PROBLEM DESCRIPTION: Repeat every entry word for word, but leave the images out of your copy.

===== SOURCE INFORMATION =====

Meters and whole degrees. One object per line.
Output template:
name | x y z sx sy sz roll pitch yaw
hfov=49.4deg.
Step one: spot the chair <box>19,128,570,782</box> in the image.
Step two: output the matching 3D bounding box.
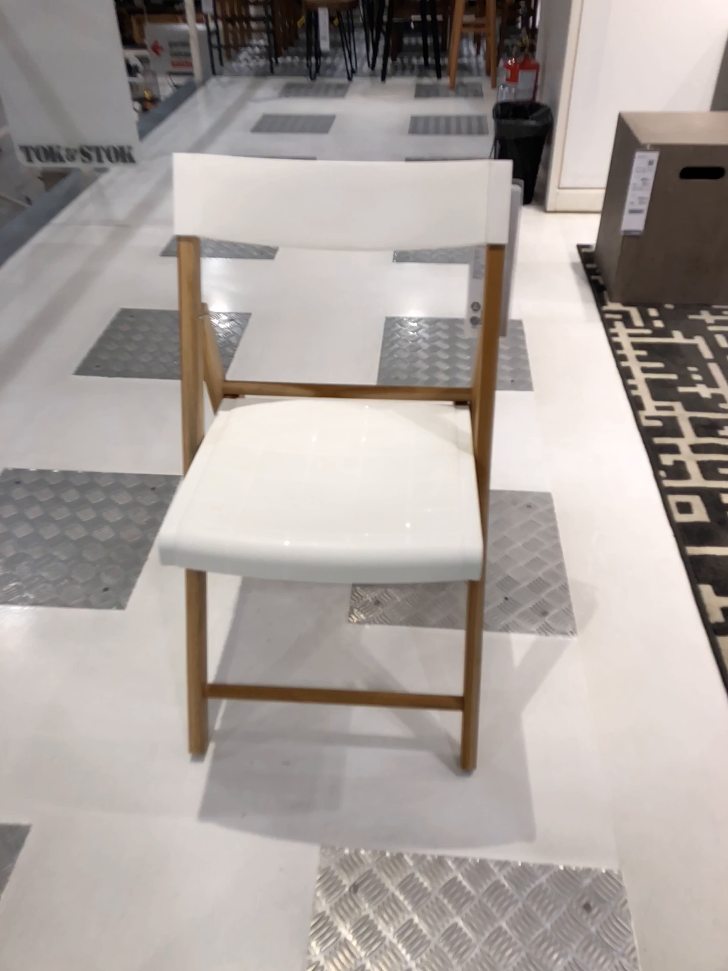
chair | -0.041 -0.050 1.104 0.470 0.705 0.554 2 38 3
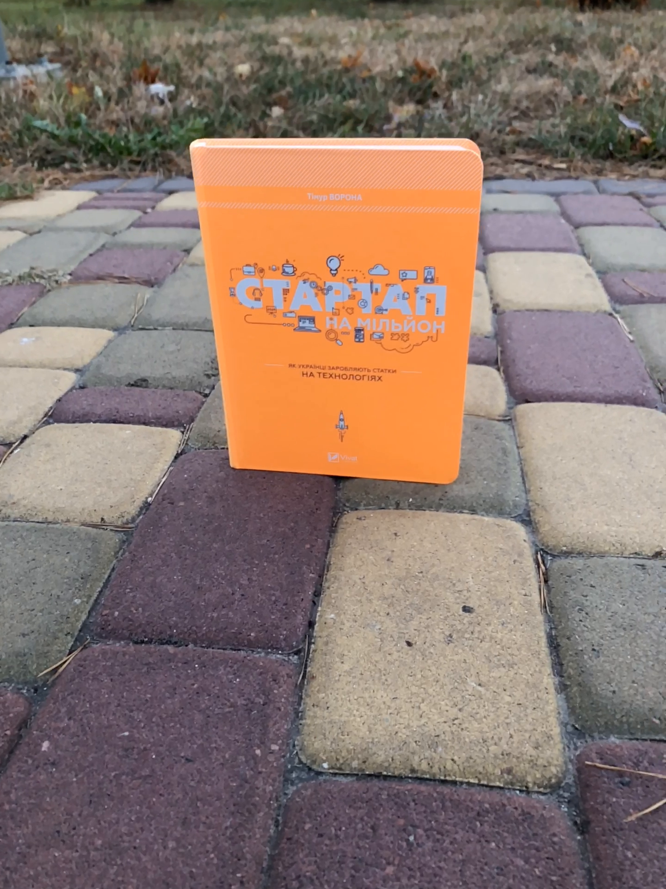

=====

SOLUTION FOR THIS EXERCISE:
Meters and whole degrees. One object per line.
Output template:
name | x y z sx sy sz roll pitch yaw
hfov=49.4deg.
Step one: spot the chair <box>19,128,570,782</box> in the image.
Step two: output the matching 3D bounding box.
chair | -0.041 -0.050 1.104 0.470 0.705 0.554 2 38 3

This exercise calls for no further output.